One of the key research goals of the Feeley Lab is to understand how species are responding to climate change, with particular focus on tree species. Global warming is increasing a worldwide trend of warm-adapted species dominance, a process known as “thermophilization”. However, the mechanisms for themophilization remain poorly understood and the process often lags behind climatic warming, with some studies even indicating little to no response.
A recent study published in PNAS (de Frenne et. al. 2013) has highlighted the importance of canopy density in buffering climatic warming for sub-canopy plant species, therefore slowing the process of thermophilization.

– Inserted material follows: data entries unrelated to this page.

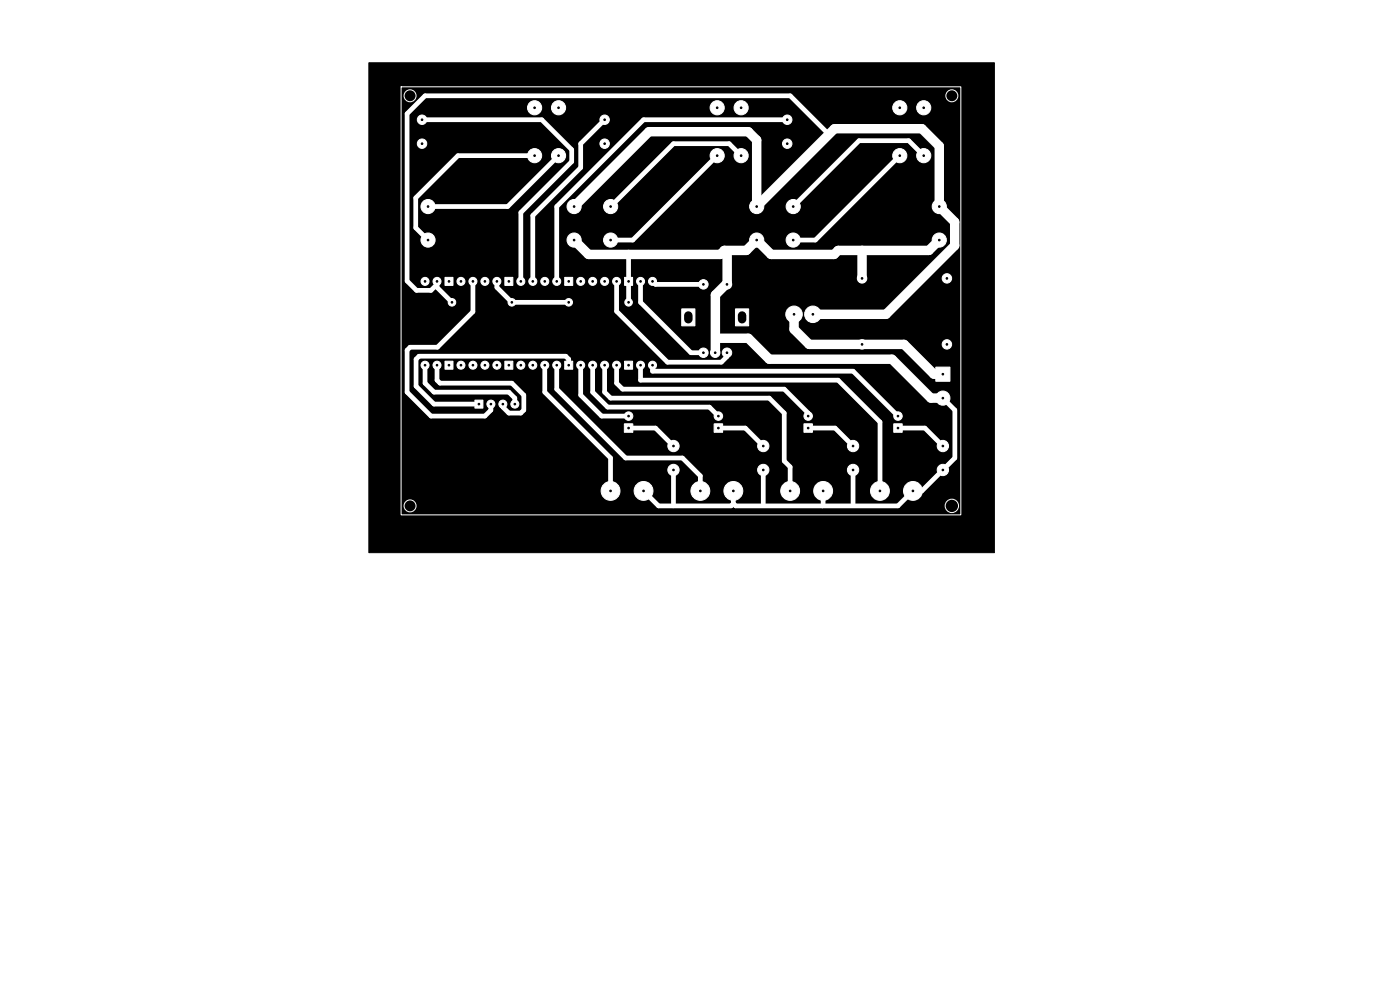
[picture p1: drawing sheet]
<svg xmlns="http://www.w3.org/2000/svg" width="297mm" height="210mm" viewBox="0 0 297 210" stroke-linecap="round" stroke-linejoin="round" font-family="sans-serif">
<g fill="#000" stroke="#000" stroke-width=".21">
<path d="M78.3 13.3h132.7v103.9h-132.7z"/>
<circle cx="89.5" cy="30.5" r=".17"/>
<circle cx="89.5" cy="25.4" r=".17"/>
<circle cx="113.4" cy="33" r=".17"/>
<circle cx="113.4" cy="22.9" r=".17"/>
<circle cx="118.5" cy="33" r=".17"/>
<circle cx="118.5" cy="22.9" r=".17"/>
<circle cx="128.3" cy="25.4" r=".17"/>
<circle cx="128.3" cy="30.5" r=".17"/>
<circle cx="152.1" cy="33" r=".17"/>
<circle cx="152.1" cy="22.9" r=".17"/>
<circle cx="157.2" cy="33" r=".17"/>
<circle cx="157.2" cy="22.9" r=".17"/>
<circle cx="167" cy="30.5" r=".17"/>
<circle cx="167" cy="25.4" r=".17"/>
<circle cx="190.9" cy="33" r=".17"/>
<circle cx="190.9" cy="22.9" r=".17"/>
<circle cx="196" cy="33" r=".17"/>
<circle cx="196" cy="22.9" r=".17"/>
<circle cx="90.2" cy="59.7" r=".17"/>
<circle cx="90.8" cy="50.9" r=".17"/>
<circle cx="90.8" cy="43.8" r=".17"/>
<circle cx="92.7" cy="59.7" r=".17"/>
<circle cx="95.2" cy="59.7" r=".17"/>
<circle cx="97.8" cy="59.7" r=".17"/>
<circle cx="100.3" cy="59.7" r=".17"/>
<circle cx="102.9" cy="59.7" r=".17"/>
<circle cx="105.4" cy="59.7" r=".17"/>
<circle cx="107.9" cy="59.7" r=".17"/>
<circle cx="110.5" cy="59.7" r=".17"/>
<circle cx="113" cy="59.7" r=".17"/>
<circle cx="115.6" cy="59.7" r=".17"/>
<circle cx="118.1" cy="59.7" r=".17"/>
<circle cx="120.6" cy="59.7" r=".17"/>
<circle cx="121.8" cy="50.9" r=".17"/>
<circle cx="121.8" cy="43.8" r=".17"/>
<circle cx="123.2" cy="59.7" r=".17"/>
<circle cx="125.7" cy="59.7" r=".17"/>
<circle cx="128.3" cy="59.7" r=".17"/>
<circle cx="129.5" cy="43.8" r=".17"/>
<circle cx="129.5" cy="50.9" r=".17"/>
<circle cx="130.8" cy="59.7" r=".17"/>
<circle cx="133.3" cy="59.7" r=".17"/>
<circle cx="135.9" cy="59.7" r=".17"/>
<circle cx="138.4" cy="59.7" r=".17"/>
<circle cx="160.5" cy="50.9" r=".17"/>
<circle cx="160.5" cy="43.8" r=".17"/>
<circle cx="168.3" cy="43.8" r=".17"/>
<circle cx="168.3" cy="50.9" r=".17"/>
<circle cx="182.9" cy="59.1" r=".17"/>
<circle cx="199.3" cy="43.8" r=".17"/>
<circle cx="199.3" cy="50.9" r=".17"/>
<circle cx="200.9" cy="59.1" r=".17"/>
<circle cx="90.2" cy="77.5" r=".17"/>
<circle cx="90.3" cy="65.9" r=".17"/>
<circle cx="90.3" cy="71.3" r=".18"/>
<circle cx="92.7" cy="77.5" r=".17"/>
<circle cx="93.3" cy="71" r=".17"/>
<circle cx="93.3" cy="66.2" r=".17"/>
<circle cx="95.2" cy="77.5" r=".17"/>
<circle cx="95.9" cy="64.1" r=".17"/>
<circle cx="97.8" cy="77.5" r=".17"/>
<circle cx="100.3" cy="77.5" r=".17"/>
<circle cx="102.9" cy="77.5" r=".17"/>
<circle cx="105.4" cy="77.5" r=".17"/>
<circle cx="107.9" cy="77.5" r=".17"/>
<circle cx="108.6" cy="64.1" r=".17"/>
<circle cx="110.5" cy="77.5" r=".17"/>
<circle cx="113" cy="77.5" r=".17"/>
<circle cx="115.6" cy="77.5" r=".17"/>
<circle cx="118.1" cy="77.5" r=".17"/>
<circle cx="120.6" cy="64.1" r=".17"/>
<circle cx="120.6" cy="77.5" r=".17"/>
<circle cx="123.2" cy="77.5" r=".17"/>
<circle cx="125.7" cy="77.5" r=".17"/>
<circle cx="128.3" cy="77.5" r=".17"/>
<circle cx="130.8" cy="77.5" r=".17"/>
<circle cx="133.3" cy="77.5" r=".17"/>
<circle cx="133.3" cy="64.1" r=".17"/>
<circle cx="135.9" cy="77.5" r=".17"/>
<circle cx="138.4" cy="77.5" r=".17"/>
<circle cx="149.2" cy="60.3" r=".17"/>
<circle cx="149.2" cy="74.8" r=".17"/>
<circle cx="151.7" cy="74.8" r=".17"/>
<circle cx="154.2" cy="60.3" r=".17"/>
<circle cx="154.2" cy="74.8" r=".17"/>
<circle cx="168.4" cy="66.7" r=".17"/>
<circle cx="172.4" cy="66.7" r=".17"/>
<circle cx="182.9" cy="73.1" r=".17"/>
<circle cx="200" cy="79.4" r=".17"/>
<circle cx="200.9" cy="73.1" r=".17"/>
<circle cx="101.6" cy="85.7" r=".17"/>
<circle cx="104.1" cy="85.7" r=".17"/>
<circle cx="106.7" cy="85.7" r=".17"/>
<circle cx="109.2" cy="85.7" r=".17"/>
<circle cx="133.3" cy="90.8" r=".17"/>
<circle cx="133.3" cy="88.3" r=".17"/>
<circle cx="142.9" cy="99.7" r=".17"/>
<circle cx="142.9" cy="94.6" r=".17"/>
<circle cx="152.4" cy="88.3" r=".17"/>
<circle cx="152.4" cy="90.8" r=".17"/>
<circle cx="161.9" cy="99.7" r=".17"/>
<circle cx="161.9" cy="94.6" r=".17"/>
<circle cx="171.4" cy="90.8" r=".17"/>
<circle cx="171.4" cy="88.3" r=".17"/>
<circle cx="181" cy="99.7" r=".17"/>
<circle cx="181" cy="94.6" r=".17"/>
<circle cx="190.5" cy="90.8" r=".17"/>
<circle cx="190.5" cy="88.3" r=".17"/>
<circle cx="200" cy="94.6" r=".17"/>
<circle cx="200" cy="99.7" r=".17"/>
<circle cx="200" cy="84.5" r=".17"/>
<circle cx="129.5" cy="104.1" r=".17"/>
<circle cx="136.5" cy="104.1" r=".17"/>
<circle cx="148.6" cy="104.1" r=".17"/>
<circle cx="155.6" cy="104.1" r=".17"/>
<circle cx="167.6" cy="104.1" r=".17"/>
<circle cx="174.6" cy="104.1" r=".17"/>
<circle cx="186.7" cy="104.1" r=".17"/>
<circle cx="193.7" cy="104.1" r=".17"/>
</g>
<g fill="none" stroke="#fff" stroke-width=".21">
<path d="M85.1 18.4h118.7v90.8h-118.7z"/>
<circle cx="87" cy="20.3" r="1.27"/>
<circle cx="201.9" cy="20.3" r="1.27"/>
<circle cx="87" cy="107.3" r="1.27"/>
<circle cx="201.9" cy="107.3" r="1.42"/>
</g>
<g fill="#fff" stroke="#fff" stroke-width=".21">
<path d="M94.4 76.6h1.7v1.7h-1.7z"/>
<path d="M107.1 76.6h1.7v1.7h-1.7z"/>
<path d="M119.8 76.6h1.7v1.7h-1.7z"/>
<path d="M132.5 76.6h1.7v1.7h-1.7z"/>
<path d="M132.5 58.8h1.7v1.7h-1.7z"/>
<path d="M119.8 58.8h1.7v1.7h-1.7z"/>
<path d="M107.1 58.8h1.7v1.7h-1.7z"/>
<path d="M94.4 58.8h1.7v1.7h-1.7z"/>
<path d="M170.6 89.9h1.7v1.8h-1.7z"/>
<path d="M100.8 84.9h1.6v1.7h-1.6z"/>
<path d="M144.6 65.5h2.8v3.6h-2.8z"/>
<path d="M156 65.5h2.8v3.6h-2.8z"/>
<path d="M198.5 77.9h3v3h-3z"/>
<path d="M132.5 89.9h1.7v1.8h-1.7z"/>
<path d="M189.6 89.9h1.8v1.8h-1.8z"/>
<path d="M151.5 89.9h1.8v1.8h-1.8z"/>
<circle cx="90.2" cy="77.5" r=".85"/>
<circle cx="92.7" cy="77.5" r=".85"/>
<circle cx="97.8" cy="77.5" r=".85"/>
<circle cx="100.3" cy="77.5" r=".85"/>
<circle cx="102.9" cy="77.5" r=".85"/>
<circle cx="105.4" cy="77.5" r=".85"/>
<circle cx="110.5" cy="77.5" r=".85"/>
<circle cx="113" cy="77.5" r=".85"/>
<circle cx="115.6" cy="77.5" r=".85"/>
<circle cx="118.1" cy="77.5" r=".85"/>
<circle cx="123.2" cy="77.5" r=".85"/>
<circle cx="125.7" cy="77.5" r=".85"/>
<circle cx="128.3" cy="77.5" r=".85"/>
<circle cx="130.8" cy="77.5" r=".85"/>
<circle cx="135.9" cy="77.5" r=".85"/>
<circle cx="138.4" cy="77.5" r=".85"/>
<circle cx="138.4" cy="59.7" r=".85"/>
<circle cx="135.9" cy="59.7" r=".85"/>
<circle cx="130.8" cy="59.7" r=".85"/>
<circle cx="128.3" cy="59.7" r=".85"/>
<circle cx="125.7" cy="59.7" r=".85"/>
<circle cx="123.2" cy="59.7" r=".85"/>
<circle cx="118.1" cy="59.7" r=".85"/>
<circle cx="115.6" cy="59.7" r=".85"/>
<circle cx="113" cy="59.7" r=".85"/>
<circle cx="110.5" cy="59.7" r=".85"/>
<circle cx="105.4" cy="59.7" r=".85"/>
<circle cx="102.9" cy="59.7" r=".85"/>
<circle cx="100.3" cy="59.7" r=".85"/>
<circle cx="97.8" cy="59.7" r=".85"/>
<circle cx="92.7" cy="59.7" r=".85"/>
<circle cx="90.2" cy="59.7" r=".85"/>
<circle cx="171.4" cy="88.3" r=".9"/>
<circle cx="155.6" cy="104.1" r="2"/>
<circle cx="148.6" cy="104.1" r="2"/>
<circle cx="200" cy="94.6" r="1.2"/>
<circle cx="200" cy="99.7" r="1.2"/>
<circle cx="104.1" cy="85.7" r=".85"/>
<circle cx="106.7" cy="85.7" r=".85"/>
<circle cx="109.2" cy="85.7" r=".85"/>
<circle cx="142.9" cy="94.6" r="1.2"/>
<circle cx="142.9" cy="99.7" r="1.2"/>
<circle cx="200.9" cy="73.1" r="1"/>
<circle cx="200.9" cy="59.1" r="1"/>
<circle cx="182.9" cy="73.1" r="1"/>
<circle cx="182.9" cy="59.1" r="1"/>
<circle cx="149.2" cy="60.3" r="1"/>
<circle cx="154.2" cy="60.3" r="1"/>
<circle cx="149.2" cy="74.8" r="1"/>
<circle cx="154.2" cy="74.8" r="1"/>
<circle cx="151.7" cy="74.8" r="1"/>
<circle cx="199.3" cy="50.9" r="1.5"/>
<circle cx="199.3" cy="43.8" r="1.5"/>
<circle cx="168.3" cy="50.9" r="1.5"/>
<circle cx="168.3" cy="43.8" r="1.5"/>
<circle cx="168.4" cy="66.7" r="1.75"/>
<circle cx="172.4" cy="66.7" r="1.75"/>
<circle cx="196" cy="33" r="1.5"/>
<circle cx="190.9" cy="33" r="1.5"/>
<circle cx="196" cy="22.9" r="1.5"/>
<circle cx="190.9" cy="22.9" r="1.5"/>
<circle cx="167" cy="30.5" r="1"/>
<circle cx="167" cy="25.4" r="1"/>
<circle cx="200" cy="84.5" r="1.5"/>
<circle cx="157.2" cy="33" r="1.5"/>
<circle cx="152.1" cy="33" r="1.5"/>
<circle cx="157.2" cy="22.9" r="1.5"/>
<circle cx="152.1" cy="22.9" r="1.5"/>
<circle cx="128.3" cy="30.5" r="1"/>
<circle cx="128.3" cy="25.4" r="1"/>
<circle cx="136.5" cy="104.1" r="2"/>
<circle cx="129.5" cy="104.1" r="2"/>
<circle cx="133.3" cy="88.3" r=".9"/>
<circle cx="190.5" cy="88.3" r=".9"/>
<circle cx="181" cy="94.6" r="1.2"/>
<circle cx="181" cy="99.7" r="1.2"/>
<circle cx="120.6" cy="64.1" r=".8"/>
<circle cx="133.3" cy="64.1" r=".8"/>
<circle cx="152.4" cy="88.3" r=".9"/>
<circle cx="174.6" cy="104.1" r="2"/>
<circle cx="167.6" cy="104.1" r="2"/>
<circle cx="161.9" cy="94.6" r="1.2"/>
<circle cx="161.9" cy="99.7" r="1.2"/>
<circle cx="160.5" cy="50.9" r="1.5"/>
<circle cx="160.5" cy="43.8" r="1.5"/>
<circle cx="129.5" cy="50.9" r="1.5"/>
<circle cx="129.5" cy="43.8" r="1.5"/>
<circle cx="118.5" cy="33" r="1.5"/>
<circle cx="113.4" cy="33" r="1.5"/>
<circle cx="118.5" cy="22.9" r="1.5"/>
<circle cx="113.4" cy="22.9" r="1.5"/>
<circle cx="89.5" cy="30.5" r="1"/>
<circle cx="89.5" cy="25.4" r="1"/>
<circle cx="193.7" cy="104.1" r="2"/>
<circle cx="186.7" cy="104.1" r="2"/>
<circle cx="95.9" cy="64.1" r=".8"/>
<circle cx="108.6" cy="64.1" r=".8"/>
<circle cx="121.8" cy="50.9" r="1.5"/>
<circle cx="121.8" cy="43.8" r="1.5"/>
<circle cx="90.8" cy="50.9" r="1.5"/>
<circle cx="90.8" cy="43.8" r="1.5"/>
</g>
<g fill="none" stroke="#fff" stroke-width="1">
<path d="M89.5 25.4h25.4l6.4 6.4v2.5l-10.8 10.8v14.6M113.4 33h-16.2l-9 9v6.3l2.6 2.6M118.5 33l-10.8 10.8h-16.9M128.3 25.4l-5.1 5.1v5.1l-10.2 10.1v14M152.1 33l-17.9 17.9h-4.7M157.2 33l-2.5-2.5h-11.8l-13.4 13.3M167 25.4h-30.5l-18.4 18.4v15.9M175.9 28.6l-8.3-8.3h-77.4l-3.8 3.8v35.5l1.9 2h3.1l1.3-1.3M190.9 33l-17.9 17.9h-4.7M196 33l-3.2-3.2h-10.6l-13.9 14M92.7 59.7v1.3l3.2 3.1M100.3 59.7v6.4l-7.5 7.6h-5.8l-.6 .6v8.9l5 5.1h11.5l1.2-1.3v-1.3"/>
<path d="M105.4 59.7v1.3l3.2 3.1h12M130.8 59.7v6.3l10.8 10.8h11.4l1.2-1.2v-.8M133.3 54v10.1M135.9 59.7v4.4l10.7 10.7h2.6M138.4 59.7l.7 .6h10.1M90.2 77.5v3.8l1.9 1.9h15.8l1.3 1.3v1.2M92.7 77.5v3.1l.6 .7h15.3l2.5 2.5v3.2l-.6 .6h-2.6l-1.2-1.2v-.7M115.6 77.5v5.7l13.9 13.9v7M118.1 77.5v5.1l14.6 14.6h12.1l3.8 3.8v3.1M120.6 77.5v-1.3l-.6-.6h-31.1l-.6 .6v5.7l3.8 3.8h9.5M123.2 77.5v6.3l4.4 4.5h5.7M125.7 77.5v5.7l3.2 3.2h21.6l1.9 1.9"/>
<path d="M128.3 77.5v5.7l1.2 1.3h33.7l3.2 3.1v10.2l1.2 1.2v4.5M130.8 77.5v3.8l1.3 1.3h34.3l5 5v.7M135.9 77.5v3.1h41.9l8.9 8.9v14.6M138.4 77.5v1.2h42.6l9.5 9.6M152.4 71.8l-.7 .6v2.4M133.3 90.8h5.8l3.8 3.8M142.9 99.7v7.6M152.4 90.8h5.7l3.8 3.8M161.9 99.7v7.1M171.4 90.8h5.8l3.8 3.8M181 99.7v7.1M190.5 90.8h5.7l3.8 3.8"/>
<path d="M200 84.5l2.6 2.5v10.2l-7 6.9h-1.9l-3.2 3.2h-34.5l-.4-.5M136.5 104.1l3.2 3.2h15.4l.5-.5M155.6 104.1v2.7M174.6 104.1v3.1l-.1 .1"/>
</g>
<path d="M121.8 43.8l15.9-15.9h21l1.8 1.8v14.1l16.5-16.5h18.6l3.7 3.7v12.8l3.2 3.3v5l-14.5 14.6h-15.5M121.8 50.9l3 3.1h28l.9-.9M153.7 53.1l.6 .6v6.4l-2.5 2.5v12M182.9 53.1v6M199.3 50.9l-2.2 2.2h-19.3l-.9 .9h-13.3l-3.1-3.1-2.2 2.2h-4.6M152.4 71.8h6.3l4.5 4.4h26l8.3 8.3h2.5M168.4 66.7v3.2l3.3 3.2h20.1l6.3 6.3h1.9" fill="none" stroke="#fff" stroke-width="2"/>
<path d="M146 66.9v.8M157.4 66.9v.8" fill="none" stroke="#000" stroke-width="1.8"/>
</svg>

Using a database of >1,400 resurveyed vegetation plots in forests across Europe and North America, this study provides empirical evidence for significant thermophilization of understory vegetation. However, the extent of thermophilization was buffered in forests with dense canopies. Forests with dense canopies create a microclimate that protects species that are less warm-tolerant. De Frenne et. al. present data suggesting a relationship between canopy density and thermal tolerance of sub-canopy species; denser canopies favoured cooler plants.They added that these conditions could be a “critical mechanism” in the conservation of forest plant diversity.This sub-canopy microclimate effect is likely due to increased shading during the growing season in denser forests, which leads to cooler forest-floor temperatures. This effect may be increasing as the number of forests stands increase across the temperate zones.
This provides some useful insights into conservation management practices; is it better to fell entire areas (therefore maintain density where canopy persists) or to selectively log (which conserves large areas but disrupts canopy density).